» **WORK INSTRUCTION**
When you reach the line containing "edge.add_line((96.774, 10.5680002), (97.282, 10.5680002))" in the records below, start copying exactly, and stop once you have copied the line containing "edge.add_arc((97.282, 11.43), 0.3539998, 0, 90)".

(Stored records)
╔══

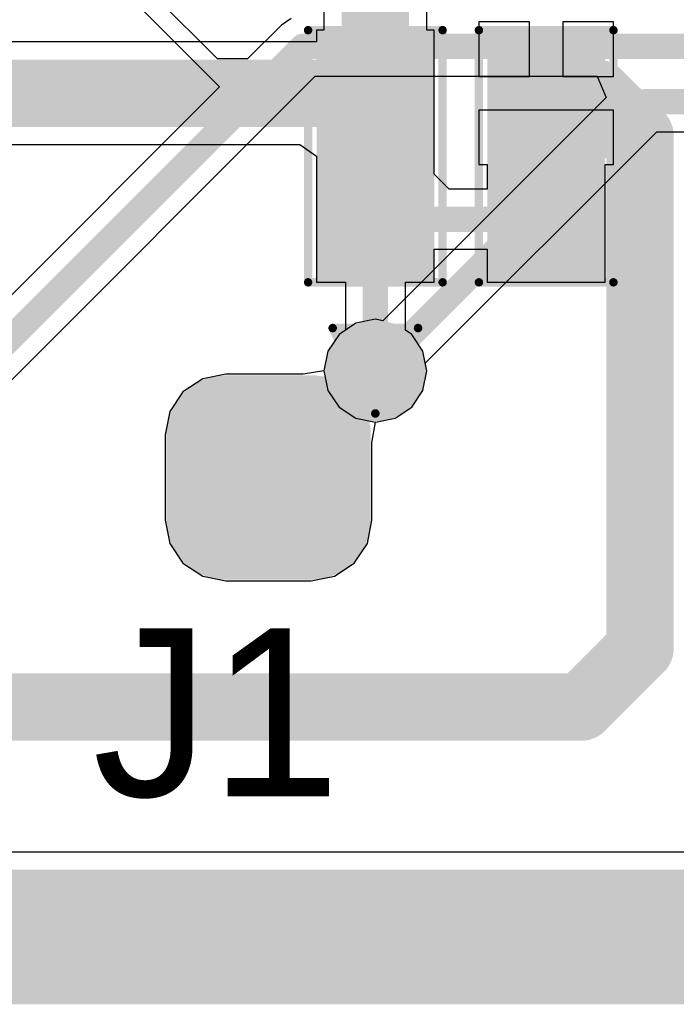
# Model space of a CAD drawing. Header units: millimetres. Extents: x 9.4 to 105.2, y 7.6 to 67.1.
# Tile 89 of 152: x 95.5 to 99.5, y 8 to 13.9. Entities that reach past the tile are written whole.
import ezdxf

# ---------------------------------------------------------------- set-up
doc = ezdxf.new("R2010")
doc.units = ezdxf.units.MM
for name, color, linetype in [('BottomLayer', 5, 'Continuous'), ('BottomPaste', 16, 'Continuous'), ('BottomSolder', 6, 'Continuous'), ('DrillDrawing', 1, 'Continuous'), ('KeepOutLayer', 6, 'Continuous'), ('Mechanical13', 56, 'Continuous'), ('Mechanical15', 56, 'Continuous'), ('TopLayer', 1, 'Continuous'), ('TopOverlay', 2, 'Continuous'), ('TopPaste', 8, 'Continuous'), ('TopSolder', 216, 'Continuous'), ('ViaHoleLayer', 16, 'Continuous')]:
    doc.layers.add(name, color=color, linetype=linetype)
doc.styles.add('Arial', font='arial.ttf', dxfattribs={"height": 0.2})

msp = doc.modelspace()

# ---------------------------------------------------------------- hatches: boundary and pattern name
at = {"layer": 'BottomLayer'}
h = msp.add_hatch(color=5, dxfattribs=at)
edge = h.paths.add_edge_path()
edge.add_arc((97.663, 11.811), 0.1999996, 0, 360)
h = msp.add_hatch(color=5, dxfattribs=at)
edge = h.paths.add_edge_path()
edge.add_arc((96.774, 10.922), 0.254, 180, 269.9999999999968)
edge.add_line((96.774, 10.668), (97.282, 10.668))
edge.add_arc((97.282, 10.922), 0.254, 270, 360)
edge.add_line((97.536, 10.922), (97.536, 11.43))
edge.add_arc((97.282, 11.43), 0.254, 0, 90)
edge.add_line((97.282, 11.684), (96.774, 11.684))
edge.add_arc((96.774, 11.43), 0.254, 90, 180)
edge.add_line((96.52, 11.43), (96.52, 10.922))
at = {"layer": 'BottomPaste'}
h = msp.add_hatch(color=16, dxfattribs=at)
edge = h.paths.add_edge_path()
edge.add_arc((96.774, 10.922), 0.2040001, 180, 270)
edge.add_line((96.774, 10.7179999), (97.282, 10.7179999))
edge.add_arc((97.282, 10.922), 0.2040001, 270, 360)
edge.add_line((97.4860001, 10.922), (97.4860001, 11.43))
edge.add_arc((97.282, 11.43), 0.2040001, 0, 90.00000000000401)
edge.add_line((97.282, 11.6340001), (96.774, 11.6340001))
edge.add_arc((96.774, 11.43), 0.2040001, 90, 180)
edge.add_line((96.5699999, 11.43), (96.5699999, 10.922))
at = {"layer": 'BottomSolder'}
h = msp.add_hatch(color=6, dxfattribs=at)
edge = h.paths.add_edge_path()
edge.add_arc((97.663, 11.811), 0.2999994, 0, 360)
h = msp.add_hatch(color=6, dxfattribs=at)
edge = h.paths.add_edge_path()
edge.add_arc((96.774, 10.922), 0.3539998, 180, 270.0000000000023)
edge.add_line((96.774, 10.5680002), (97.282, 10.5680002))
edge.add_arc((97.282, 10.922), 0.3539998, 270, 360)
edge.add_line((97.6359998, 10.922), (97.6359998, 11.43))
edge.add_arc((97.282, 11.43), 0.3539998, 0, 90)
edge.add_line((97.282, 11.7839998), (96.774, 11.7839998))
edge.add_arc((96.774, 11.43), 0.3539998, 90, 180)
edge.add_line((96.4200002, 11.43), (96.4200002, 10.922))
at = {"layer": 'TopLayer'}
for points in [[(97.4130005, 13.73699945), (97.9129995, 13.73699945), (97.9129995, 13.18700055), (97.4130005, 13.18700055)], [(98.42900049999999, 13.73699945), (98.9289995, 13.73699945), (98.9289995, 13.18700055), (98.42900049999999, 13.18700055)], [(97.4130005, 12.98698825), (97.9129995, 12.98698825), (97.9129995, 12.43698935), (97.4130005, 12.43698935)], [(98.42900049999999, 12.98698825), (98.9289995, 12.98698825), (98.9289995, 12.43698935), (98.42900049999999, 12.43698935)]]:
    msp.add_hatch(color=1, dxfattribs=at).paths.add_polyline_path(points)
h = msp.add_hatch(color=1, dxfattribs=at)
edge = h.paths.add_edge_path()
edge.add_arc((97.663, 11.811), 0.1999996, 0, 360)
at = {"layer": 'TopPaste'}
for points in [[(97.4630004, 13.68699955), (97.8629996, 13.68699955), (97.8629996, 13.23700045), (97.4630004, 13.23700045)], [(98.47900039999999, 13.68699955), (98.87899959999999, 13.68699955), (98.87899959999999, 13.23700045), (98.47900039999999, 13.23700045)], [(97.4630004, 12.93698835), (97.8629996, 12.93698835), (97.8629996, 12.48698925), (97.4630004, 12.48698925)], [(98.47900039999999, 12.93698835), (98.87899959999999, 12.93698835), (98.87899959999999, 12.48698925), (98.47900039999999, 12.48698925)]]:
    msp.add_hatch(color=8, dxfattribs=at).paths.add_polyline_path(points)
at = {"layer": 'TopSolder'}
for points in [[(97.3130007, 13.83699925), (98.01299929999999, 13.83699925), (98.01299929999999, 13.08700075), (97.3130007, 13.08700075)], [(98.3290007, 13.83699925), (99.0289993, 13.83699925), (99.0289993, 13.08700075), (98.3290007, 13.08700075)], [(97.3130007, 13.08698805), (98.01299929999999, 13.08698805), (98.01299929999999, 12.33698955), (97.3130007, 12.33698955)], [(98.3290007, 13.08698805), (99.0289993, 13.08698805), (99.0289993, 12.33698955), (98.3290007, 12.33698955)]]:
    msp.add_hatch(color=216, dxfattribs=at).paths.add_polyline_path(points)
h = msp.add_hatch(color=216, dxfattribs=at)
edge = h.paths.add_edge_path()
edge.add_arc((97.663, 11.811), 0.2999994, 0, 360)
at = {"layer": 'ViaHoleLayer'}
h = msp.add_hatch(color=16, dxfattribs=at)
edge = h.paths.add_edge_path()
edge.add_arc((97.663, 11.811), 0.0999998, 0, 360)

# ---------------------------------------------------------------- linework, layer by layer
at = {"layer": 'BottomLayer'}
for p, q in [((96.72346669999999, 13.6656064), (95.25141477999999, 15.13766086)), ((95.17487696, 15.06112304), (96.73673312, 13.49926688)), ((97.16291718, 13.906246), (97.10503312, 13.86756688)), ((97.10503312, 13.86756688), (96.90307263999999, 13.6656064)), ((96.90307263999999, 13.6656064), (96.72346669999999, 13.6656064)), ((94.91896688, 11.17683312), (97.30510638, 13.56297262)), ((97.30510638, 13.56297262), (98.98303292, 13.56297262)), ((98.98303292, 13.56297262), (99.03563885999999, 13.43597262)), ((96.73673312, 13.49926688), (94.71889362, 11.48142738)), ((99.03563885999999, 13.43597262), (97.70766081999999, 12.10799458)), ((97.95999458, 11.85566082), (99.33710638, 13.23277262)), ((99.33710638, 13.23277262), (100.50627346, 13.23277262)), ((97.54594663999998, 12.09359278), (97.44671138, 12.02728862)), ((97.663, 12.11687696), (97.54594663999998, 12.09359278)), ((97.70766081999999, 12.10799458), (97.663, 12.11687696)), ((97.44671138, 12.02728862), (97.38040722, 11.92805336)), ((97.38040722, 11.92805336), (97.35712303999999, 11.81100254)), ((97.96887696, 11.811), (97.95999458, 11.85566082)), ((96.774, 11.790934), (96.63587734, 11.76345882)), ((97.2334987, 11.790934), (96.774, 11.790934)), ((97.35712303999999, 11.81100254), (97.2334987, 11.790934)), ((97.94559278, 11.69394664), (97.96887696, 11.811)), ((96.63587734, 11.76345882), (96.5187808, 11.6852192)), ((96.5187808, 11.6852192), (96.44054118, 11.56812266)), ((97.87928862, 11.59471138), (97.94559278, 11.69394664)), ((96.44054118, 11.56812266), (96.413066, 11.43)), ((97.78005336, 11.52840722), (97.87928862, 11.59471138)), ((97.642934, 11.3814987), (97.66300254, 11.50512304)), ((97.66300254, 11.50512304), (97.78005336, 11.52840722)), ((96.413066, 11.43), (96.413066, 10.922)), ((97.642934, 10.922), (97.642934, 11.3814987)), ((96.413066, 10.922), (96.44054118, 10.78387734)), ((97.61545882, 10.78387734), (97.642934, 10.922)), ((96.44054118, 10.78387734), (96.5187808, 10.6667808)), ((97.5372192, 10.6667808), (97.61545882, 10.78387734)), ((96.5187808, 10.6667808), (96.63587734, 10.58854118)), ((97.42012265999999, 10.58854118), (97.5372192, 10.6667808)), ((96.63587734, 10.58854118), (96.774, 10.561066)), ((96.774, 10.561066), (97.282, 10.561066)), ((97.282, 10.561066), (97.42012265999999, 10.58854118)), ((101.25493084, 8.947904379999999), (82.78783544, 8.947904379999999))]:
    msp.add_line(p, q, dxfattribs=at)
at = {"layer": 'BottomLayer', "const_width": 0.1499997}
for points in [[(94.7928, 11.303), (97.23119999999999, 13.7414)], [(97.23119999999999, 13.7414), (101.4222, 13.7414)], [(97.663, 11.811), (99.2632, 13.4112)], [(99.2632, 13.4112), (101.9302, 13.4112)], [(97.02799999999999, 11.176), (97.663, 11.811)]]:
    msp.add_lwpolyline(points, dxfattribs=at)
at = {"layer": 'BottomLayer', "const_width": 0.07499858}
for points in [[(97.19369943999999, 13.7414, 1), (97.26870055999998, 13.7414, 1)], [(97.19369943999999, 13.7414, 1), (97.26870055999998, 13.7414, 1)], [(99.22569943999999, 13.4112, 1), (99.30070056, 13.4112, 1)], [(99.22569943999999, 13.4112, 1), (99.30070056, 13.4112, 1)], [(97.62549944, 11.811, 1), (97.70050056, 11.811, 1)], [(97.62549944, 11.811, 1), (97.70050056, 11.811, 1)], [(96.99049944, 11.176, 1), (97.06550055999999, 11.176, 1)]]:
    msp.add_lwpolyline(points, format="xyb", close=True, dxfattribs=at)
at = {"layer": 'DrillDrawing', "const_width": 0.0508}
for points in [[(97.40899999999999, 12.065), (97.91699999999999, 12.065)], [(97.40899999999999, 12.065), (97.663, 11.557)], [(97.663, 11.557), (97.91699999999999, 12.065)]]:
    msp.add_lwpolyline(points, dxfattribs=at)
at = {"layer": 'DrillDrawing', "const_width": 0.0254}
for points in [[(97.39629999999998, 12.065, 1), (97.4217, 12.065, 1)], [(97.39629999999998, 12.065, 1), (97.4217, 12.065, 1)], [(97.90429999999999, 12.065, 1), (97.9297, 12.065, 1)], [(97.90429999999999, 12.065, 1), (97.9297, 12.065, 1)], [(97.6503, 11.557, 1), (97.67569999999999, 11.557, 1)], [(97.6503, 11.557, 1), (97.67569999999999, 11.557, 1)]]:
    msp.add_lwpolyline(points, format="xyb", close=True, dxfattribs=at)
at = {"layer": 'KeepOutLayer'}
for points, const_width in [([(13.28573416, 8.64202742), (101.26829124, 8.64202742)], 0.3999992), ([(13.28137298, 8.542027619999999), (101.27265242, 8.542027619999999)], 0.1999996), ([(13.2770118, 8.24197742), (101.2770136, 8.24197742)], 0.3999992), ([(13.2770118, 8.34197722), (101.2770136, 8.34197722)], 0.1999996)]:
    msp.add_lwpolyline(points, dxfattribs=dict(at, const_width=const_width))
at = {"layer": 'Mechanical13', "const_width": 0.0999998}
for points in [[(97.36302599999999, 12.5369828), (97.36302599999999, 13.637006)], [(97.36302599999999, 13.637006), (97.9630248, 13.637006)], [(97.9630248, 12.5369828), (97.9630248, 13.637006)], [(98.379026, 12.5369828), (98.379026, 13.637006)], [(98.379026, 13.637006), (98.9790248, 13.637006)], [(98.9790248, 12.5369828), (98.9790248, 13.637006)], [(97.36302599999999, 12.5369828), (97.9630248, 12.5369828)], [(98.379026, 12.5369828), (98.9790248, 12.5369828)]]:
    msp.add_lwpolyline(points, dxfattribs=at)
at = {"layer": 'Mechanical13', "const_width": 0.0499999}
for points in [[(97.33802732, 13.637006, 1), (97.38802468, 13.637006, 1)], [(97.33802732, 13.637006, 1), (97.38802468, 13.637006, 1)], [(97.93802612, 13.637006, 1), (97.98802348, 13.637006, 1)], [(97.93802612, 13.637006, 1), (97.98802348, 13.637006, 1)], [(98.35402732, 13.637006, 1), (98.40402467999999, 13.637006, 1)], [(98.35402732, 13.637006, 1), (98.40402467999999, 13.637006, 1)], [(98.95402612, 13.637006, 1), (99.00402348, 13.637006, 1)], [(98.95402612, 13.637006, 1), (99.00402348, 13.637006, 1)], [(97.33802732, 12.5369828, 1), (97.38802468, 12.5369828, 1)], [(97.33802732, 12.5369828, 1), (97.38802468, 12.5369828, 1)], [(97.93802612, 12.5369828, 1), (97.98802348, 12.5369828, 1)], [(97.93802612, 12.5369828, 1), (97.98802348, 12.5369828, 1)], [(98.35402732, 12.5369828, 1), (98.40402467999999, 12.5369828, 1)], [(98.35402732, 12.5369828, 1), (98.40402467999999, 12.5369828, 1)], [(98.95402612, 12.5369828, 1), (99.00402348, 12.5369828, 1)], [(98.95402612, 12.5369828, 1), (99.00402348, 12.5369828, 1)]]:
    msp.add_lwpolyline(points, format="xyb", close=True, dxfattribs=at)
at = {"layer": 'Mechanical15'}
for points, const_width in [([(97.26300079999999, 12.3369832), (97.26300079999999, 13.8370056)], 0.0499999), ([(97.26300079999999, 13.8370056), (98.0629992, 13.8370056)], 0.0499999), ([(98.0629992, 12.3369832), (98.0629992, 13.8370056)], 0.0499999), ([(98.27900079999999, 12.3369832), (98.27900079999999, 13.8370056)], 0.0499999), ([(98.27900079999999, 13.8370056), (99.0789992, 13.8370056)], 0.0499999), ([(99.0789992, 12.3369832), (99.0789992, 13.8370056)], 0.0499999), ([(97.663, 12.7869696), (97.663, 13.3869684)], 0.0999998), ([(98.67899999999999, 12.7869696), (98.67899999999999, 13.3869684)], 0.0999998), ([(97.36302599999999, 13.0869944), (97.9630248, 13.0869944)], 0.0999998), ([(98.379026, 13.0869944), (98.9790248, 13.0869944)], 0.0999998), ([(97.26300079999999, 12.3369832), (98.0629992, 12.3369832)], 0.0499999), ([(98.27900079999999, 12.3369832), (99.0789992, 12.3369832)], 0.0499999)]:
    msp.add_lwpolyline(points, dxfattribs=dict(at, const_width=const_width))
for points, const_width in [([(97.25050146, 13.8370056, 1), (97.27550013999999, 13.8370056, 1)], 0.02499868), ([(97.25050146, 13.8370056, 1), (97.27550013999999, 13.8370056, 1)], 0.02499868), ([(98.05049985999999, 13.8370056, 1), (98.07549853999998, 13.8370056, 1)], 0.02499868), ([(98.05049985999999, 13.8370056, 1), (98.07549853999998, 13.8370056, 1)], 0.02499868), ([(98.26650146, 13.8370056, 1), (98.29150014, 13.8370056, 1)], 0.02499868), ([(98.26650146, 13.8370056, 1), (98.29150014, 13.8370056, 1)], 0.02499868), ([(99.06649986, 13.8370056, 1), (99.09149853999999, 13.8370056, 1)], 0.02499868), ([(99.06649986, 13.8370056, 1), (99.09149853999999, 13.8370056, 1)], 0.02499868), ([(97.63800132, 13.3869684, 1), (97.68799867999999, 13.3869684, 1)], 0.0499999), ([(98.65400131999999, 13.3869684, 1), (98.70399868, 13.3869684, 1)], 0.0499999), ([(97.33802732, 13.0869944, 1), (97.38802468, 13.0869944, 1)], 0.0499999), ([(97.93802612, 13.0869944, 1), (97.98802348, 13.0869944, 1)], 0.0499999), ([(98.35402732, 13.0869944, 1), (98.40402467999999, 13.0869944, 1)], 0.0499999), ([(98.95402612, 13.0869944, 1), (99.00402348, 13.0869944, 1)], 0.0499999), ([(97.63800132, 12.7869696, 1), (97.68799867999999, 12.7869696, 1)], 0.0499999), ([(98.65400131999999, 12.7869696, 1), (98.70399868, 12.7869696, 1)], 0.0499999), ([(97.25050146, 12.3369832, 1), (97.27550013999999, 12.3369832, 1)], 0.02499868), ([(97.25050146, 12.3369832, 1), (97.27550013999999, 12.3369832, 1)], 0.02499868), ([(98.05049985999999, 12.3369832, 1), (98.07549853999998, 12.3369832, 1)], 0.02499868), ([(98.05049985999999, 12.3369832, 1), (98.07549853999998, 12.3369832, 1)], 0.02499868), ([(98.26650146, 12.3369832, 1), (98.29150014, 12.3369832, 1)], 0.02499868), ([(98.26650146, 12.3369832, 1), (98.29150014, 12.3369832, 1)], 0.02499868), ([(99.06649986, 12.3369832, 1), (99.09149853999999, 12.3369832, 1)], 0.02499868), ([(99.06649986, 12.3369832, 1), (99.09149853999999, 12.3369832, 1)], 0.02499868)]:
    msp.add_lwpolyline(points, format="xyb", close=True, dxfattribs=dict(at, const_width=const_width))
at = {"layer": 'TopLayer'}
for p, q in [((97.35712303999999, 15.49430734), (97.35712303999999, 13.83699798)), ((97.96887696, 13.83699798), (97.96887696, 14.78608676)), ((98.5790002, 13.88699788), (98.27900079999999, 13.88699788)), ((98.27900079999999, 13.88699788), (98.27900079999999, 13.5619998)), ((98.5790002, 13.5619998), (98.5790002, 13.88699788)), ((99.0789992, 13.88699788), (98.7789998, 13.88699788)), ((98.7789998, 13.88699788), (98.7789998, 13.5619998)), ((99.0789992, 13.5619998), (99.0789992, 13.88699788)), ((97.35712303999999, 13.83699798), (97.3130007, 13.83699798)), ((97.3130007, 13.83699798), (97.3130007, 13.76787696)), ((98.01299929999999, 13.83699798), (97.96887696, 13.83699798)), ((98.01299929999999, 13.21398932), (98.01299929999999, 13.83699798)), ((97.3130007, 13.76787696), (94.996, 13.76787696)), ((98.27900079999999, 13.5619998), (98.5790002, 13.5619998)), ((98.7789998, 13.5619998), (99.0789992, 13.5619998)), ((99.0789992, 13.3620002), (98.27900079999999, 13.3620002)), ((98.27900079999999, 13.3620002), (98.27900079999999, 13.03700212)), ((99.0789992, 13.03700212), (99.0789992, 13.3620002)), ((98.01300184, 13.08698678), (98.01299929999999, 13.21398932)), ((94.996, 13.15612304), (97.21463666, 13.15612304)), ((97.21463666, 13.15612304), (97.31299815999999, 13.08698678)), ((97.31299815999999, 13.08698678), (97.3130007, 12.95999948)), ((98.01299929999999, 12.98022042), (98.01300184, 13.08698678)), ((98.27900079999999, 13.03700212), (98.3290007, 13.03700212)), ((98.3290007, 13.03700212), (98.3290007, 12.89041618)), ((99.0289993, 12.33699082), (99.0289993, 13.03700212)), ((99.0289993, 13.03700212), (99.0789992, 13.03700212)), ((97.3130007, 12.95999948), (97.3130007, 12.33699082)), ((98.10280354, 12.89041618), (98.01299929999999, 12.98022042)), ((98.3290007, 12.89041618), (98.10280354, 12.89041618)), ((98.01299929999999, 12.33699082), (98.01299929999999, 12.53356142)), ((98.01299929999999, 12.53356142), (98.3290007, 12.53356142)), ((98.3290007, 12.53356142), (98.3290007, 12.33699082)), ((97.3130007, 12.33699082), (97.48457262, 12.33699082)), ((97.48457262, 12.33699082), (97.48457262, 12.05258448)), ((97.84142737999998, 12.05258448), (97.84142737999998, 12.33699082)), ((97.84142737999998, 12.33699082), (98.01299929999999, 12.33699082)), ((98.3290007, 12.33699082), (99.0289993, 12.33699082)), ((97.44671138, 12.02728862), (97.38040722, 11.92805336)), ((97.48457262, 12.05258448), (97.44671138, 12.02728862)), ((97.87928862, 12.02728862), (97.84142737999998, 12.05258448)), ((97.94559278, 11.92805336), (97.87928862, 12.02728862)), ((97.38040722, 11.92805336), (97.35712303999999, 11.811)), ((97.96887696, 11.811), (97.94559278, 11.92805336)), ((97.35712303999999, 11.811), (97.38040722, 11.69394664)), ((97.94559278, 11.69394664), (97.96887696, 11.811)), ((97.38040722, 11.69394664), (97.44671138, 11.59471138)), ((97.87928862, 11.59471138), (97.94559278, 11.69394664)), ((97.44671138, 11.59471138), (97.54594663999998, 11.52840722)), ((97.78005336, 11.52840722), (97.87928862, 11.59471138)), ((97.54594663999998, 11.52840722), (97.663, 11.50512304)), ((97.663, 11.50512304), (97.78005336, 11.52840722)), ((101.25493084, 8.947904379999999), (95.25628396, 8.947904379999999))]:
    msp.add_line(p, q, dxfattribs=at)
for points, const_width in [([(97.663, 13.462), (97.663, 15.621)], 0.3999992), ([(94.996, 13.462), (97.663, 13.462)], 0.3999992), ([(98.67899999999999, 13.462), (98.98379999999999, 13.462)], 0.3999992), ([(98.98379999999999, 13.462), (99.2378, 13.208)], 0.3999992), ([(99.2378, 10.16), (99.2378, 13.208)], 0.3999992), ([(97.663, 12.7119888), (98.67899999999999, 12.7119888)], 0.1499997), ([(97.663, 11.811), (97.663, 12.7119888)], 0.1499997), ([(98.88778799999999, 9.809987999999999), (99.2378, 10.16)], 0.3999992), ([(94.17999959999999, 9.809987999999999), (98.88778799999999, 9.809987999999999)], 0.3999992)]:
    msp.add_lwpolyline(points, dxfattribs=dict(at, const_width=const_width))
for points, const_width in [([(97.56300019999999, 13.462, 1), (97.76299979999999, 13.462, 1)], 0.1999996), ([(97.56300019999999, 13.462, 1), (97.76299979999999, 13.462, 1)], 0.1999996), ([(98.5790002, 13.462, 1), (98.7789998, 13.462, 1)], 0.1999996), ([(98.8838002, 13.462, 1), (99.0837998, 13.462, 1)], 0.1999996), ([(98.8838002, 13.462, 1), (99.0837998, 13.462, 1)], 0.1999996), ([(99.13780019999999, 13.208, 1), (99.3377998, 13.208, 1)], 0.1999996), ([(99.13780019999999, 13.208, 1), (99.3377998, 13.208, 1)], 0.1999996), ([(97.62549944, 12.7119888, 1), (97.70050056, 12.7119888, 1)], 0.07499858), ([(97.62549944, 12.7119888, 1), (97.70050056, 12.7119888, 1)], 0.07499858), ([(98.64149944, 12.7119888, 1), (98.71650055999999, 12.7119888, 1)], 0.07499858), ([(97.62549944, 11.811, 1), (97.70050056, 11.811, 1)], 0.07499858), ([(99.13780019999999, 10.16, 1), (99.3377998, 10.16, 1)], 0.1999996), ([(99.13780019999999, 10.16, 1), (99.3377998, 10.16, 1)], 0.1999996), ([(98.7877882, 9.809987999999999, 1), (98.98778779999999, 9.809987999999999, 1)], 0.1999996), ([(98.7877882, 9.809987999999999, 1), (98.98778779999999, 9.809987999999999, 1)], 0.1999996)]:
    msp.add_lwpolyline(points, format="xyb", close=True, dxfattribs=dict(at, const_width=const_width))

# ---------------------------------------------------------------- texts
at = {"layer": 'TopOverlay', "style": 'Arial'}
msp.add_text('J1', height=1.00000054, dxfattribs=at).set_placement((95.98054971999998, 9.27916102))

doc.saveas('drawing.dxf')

╚══

» **YOUR SOLUTION**
edge.add_line((96.774, 10.5680002), (97.282, 10.5680002))
edge.add_arc((97.282, 10.922), 0.3539998, 270, 360)
edge.add_line((97.6359998, 10.922), (97.6359998, 11.43))
edge.add_arc((97.282, 11.43), 0.3539998, 0, 90)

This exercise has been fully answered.